AuthParameters Map of String, String
Key/value pairs containing all of the inputs necessary to initiate this authentication method (e.g., USERNAME=johndoe, SRP_A=AB009809). Based on authentication flow and a combination of some parameters missing, authentication can be failed.
[ClientMetadata] Map of String, String
Optional field. Key/value pairs containing inputs that aren’t authentication parameters but are inputs to the pre-authentication Lambda trigger. Using this Lambda trigger, you can implement custom validations to accept/deny the request, based on, for example, the user context.
ClientId String
The app clientId for the app attempting to authenticate.
RespondToAuthChallenge
Used to respond to challenges, which can include multiple rounds until the user successfully authenticates (and Amazon Cognito issues tokens) or fails. You have control over how many challenge rounds are presented to the user. This can be decided based on the challenges already answered. With each call, the response is either a successful authentication when tokens are issued, a new challenge, or failure of the authentication.

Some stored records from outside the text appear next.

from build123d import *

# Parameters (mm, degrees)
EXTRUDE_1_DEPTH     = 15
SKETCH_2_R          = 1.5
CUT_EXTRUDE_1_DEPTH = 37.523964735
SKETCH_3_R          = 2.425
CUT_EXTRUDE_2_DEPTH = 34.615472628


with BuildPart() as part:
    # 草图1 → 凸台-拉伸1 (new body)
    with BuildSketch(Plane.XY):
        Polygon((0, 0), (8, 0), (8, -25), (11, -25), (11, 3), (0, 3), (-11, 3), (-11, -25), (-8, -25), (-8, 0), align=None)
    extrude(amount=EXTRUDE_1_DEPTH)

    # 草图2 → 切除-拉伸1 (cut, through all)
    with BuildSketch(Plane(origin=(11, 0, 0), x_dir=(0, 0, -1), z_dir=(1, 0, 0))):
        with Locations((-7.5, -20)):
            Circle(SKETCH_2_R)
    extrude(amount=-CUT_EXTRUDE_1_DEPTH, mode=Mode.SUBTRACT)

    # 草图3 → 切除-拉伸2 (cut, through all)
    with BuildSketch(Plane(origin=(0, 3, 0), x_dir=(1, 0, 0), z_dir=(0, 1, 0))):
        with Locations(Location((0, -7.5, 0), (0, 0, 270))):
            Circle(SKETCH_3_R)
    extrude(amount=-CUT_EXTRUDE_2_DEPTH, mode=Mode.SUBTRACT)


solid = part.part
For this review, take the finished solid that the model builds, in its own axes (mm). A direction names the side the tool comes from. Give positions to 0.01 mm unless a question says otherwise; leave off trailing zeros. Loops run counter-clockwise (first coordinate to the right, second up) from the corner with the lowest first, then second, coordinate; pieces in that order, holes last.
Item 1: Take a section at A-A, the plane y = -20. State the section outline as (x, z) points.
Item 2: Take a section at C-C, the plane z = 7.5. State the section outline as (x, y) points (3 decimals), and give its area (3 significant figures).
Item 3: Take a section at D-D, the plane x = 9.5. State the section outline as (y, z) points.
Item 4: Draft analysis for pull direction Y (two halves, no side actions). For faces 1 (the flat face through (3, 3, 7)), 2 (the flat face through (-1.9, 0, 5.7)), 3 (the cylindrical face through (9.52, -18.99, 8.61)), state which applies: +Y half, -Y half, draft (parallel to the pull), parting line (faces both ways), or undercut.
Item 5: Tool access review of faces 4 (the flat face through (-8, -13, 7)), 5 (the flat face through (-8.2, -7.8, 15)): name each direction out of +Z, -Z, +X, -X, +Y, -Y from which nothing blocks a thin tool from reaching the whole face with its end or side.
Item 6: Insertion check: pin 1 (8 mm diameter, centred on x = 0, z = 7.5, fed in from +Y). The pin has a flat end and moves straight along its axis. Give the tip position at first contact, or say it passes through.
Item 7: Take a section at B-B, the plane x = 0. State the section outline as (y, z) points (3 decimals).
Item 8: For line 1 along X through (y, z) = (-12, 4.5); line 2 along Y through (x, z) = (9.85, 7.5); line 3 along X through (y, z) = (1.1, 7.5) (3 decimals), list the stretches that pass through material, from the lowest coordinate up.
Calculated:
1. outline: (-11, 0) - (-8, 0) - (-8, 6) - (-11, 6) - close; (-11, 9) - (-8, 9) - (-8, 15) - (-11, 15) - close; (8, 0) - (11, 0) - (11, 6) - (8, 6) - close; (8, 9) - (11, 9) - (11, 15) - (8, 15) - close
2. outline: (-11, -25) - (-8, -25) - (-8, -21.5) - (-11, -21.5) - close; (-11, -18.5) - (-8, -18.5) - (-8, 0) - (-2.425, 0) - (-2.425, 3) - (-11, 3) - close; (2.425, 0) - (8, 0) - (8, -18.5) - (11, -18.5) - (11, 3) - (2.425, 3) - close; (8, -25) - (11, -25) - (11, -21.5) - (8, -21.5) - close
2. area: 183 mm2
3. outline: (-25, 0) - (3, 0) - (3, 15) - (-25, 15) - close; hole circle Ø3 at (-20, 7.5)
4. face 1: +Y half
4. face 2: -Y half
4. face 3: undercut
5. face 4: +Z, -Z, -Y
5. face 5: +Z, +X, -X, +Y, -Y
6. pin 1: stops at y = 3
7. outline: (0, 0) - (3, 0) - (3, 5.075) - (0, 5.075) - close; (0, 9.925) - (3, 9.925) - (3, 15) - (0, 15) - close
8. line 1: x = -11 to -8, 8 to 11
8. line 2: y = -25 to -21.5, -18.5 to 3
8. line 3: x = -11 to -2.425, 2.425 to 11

The RespondToAuthChallenge API has the following inputs:
ChallengeName String
Name of the challenge being responded to.
Session String
An encrypted session received by the client in the previous step that the client must pass back as-is. The session contains state information about the current authentication. It cannot be replayed and it expires after 3 minutes.
ChallengeResponses Map of String, String
Key/value pairs containing all of the parameters necessary to respond to the challenge (e.g., captchaAnswer=AZ235F).
ClientId String
ClientId trying to authenticate.
InitiateAuth and RespondToAuthChallenge outputs
A successful call to either of the APIs results in tokens that indicate that the authentication flow is complete, or a challenge with a session and parameters.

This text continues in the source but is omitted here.